Histological comparison of EPN in vitro cell lines with in situ tumor of origin. (A) Representative histological images of 811 in situ patient tumor revealing classic features of EPN including syncytial networks of monomorphic cells with round to oval nuclei, speckled chromatin, and perivascular pseudorosettes. The inset magnification highlights fibrillary material (arrow) surrounding the vascular spaces (H&E). (B) 811 3D culture in vitro format derived from the same tumor demonstrates similar appearing cells with regularly arranged monomorphic nuclei with the retention of the syncytial networks but with a pseudopapillary arrangement and centrally placed fibrillary material (arrow) and no vasculature (H&E). (C) 811 cells grown in monolayer format show complete loss of architecture, syncytial networks, and the fibrillary material with discohesive cells and well-defined cell borders (H&E). (D) EMA immunoreactivity in 811 in situ tumor demonstrating a blush of dot like cytoplasmic staining that was conserved in (E) 811 3D culture format. (F) By contrast, 811 grown in monolayer format showed irregularly increased cytoplasmic positivity when compared to the in situ section (EMA). (G) Immunoreactivity for GFAP was observed in fibrillar material and perivascular nuclear-free zones of 811 in situ tumor. (H) 3D format demonstrated accentuated GFAP expression within the fibrillar material (I) that was almost completely lost in the monolayer culture (GFAP). (Panels A–I: 400× magnification, scale bar=50 µm).
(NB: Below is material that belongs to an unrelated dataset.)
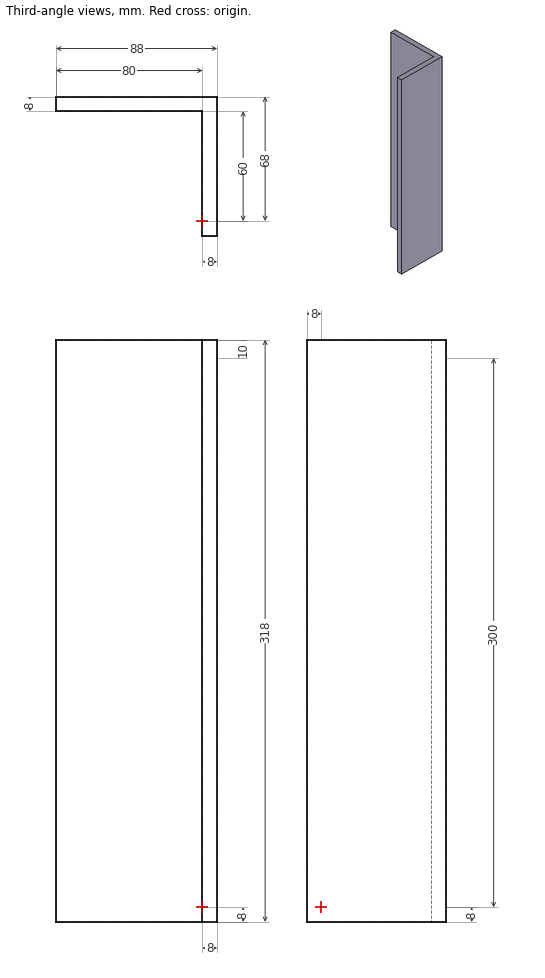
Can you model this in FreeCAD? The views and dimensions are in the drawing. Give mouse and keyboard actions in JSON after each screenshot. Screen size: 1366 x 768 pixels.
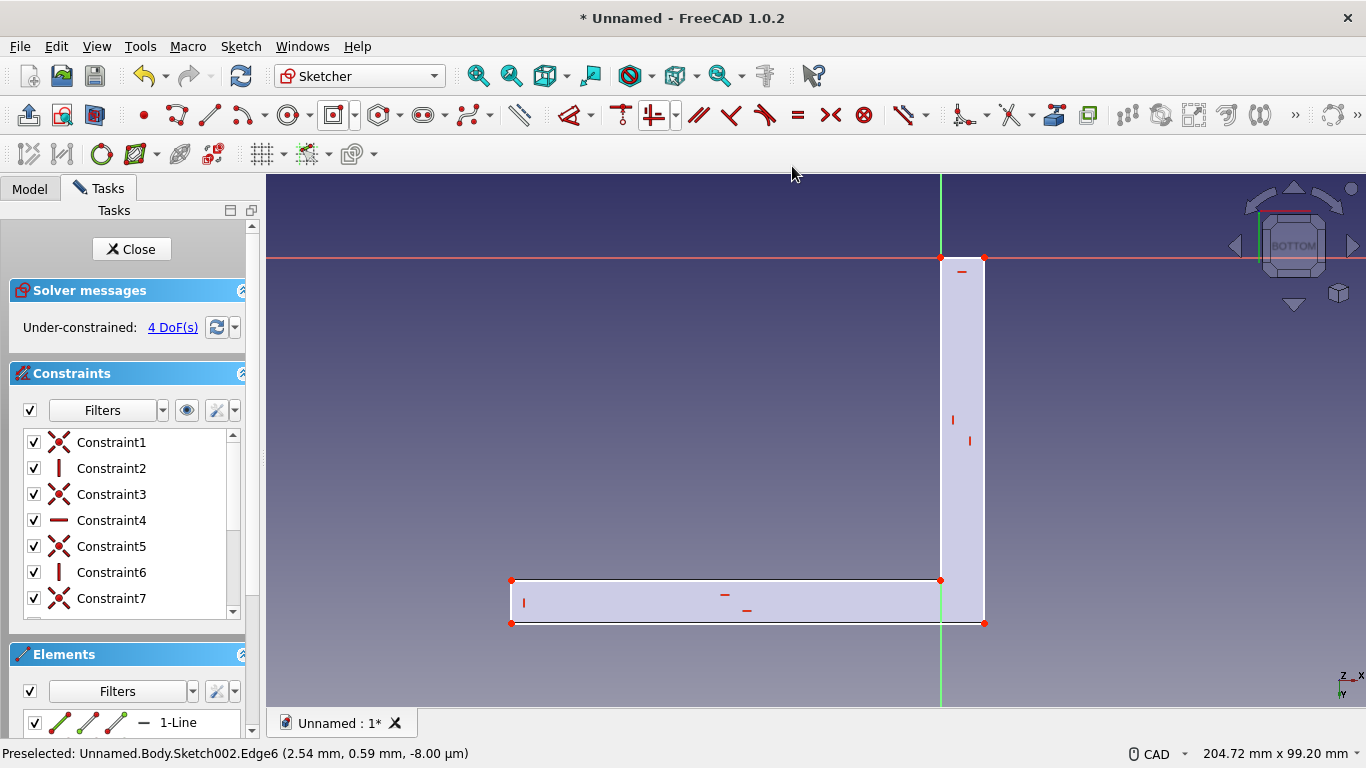
{"action": "left_click", "coordinate": [568, 116]}
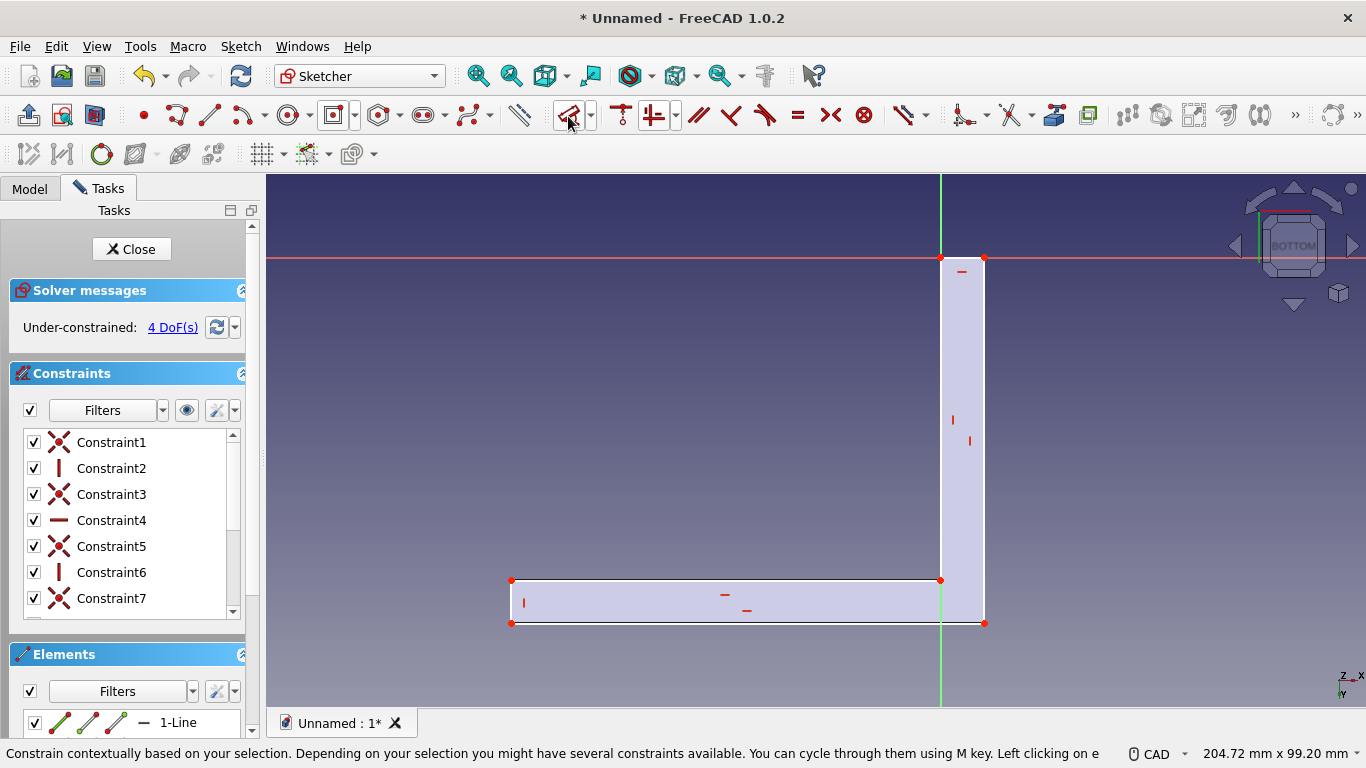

We used 2 immunostains routinely employed for pathological diagnosis of EPN (EMA and GFAP) to confirm preservation of EPN characteristics between in situ tumor and corresponding 3D and monolayer culture formats. EPN in situ tumor demonstrated focal, luminal pattern EMA cytoplasmic staining (Fig. 2D) that was conserved in 3D culture format (Fig. 2E). EPN cell lines in monolayer format in vitro, however, showed irregularly increased EMA cytoplasmic positivity when compared to the in situ section (Fig. 2F). EPN in situ tumor demonstrated GFAP immunoreactivity in fibrillary material and perivascular nuclear-free zones (Fig. 2G). EPN cell lines cultured in 3D format demonstrated accentuated GFAP expression within the fibrillary material (Fig. 2H), but this was almost completely absent in EPN monolayer (Fig. 2I).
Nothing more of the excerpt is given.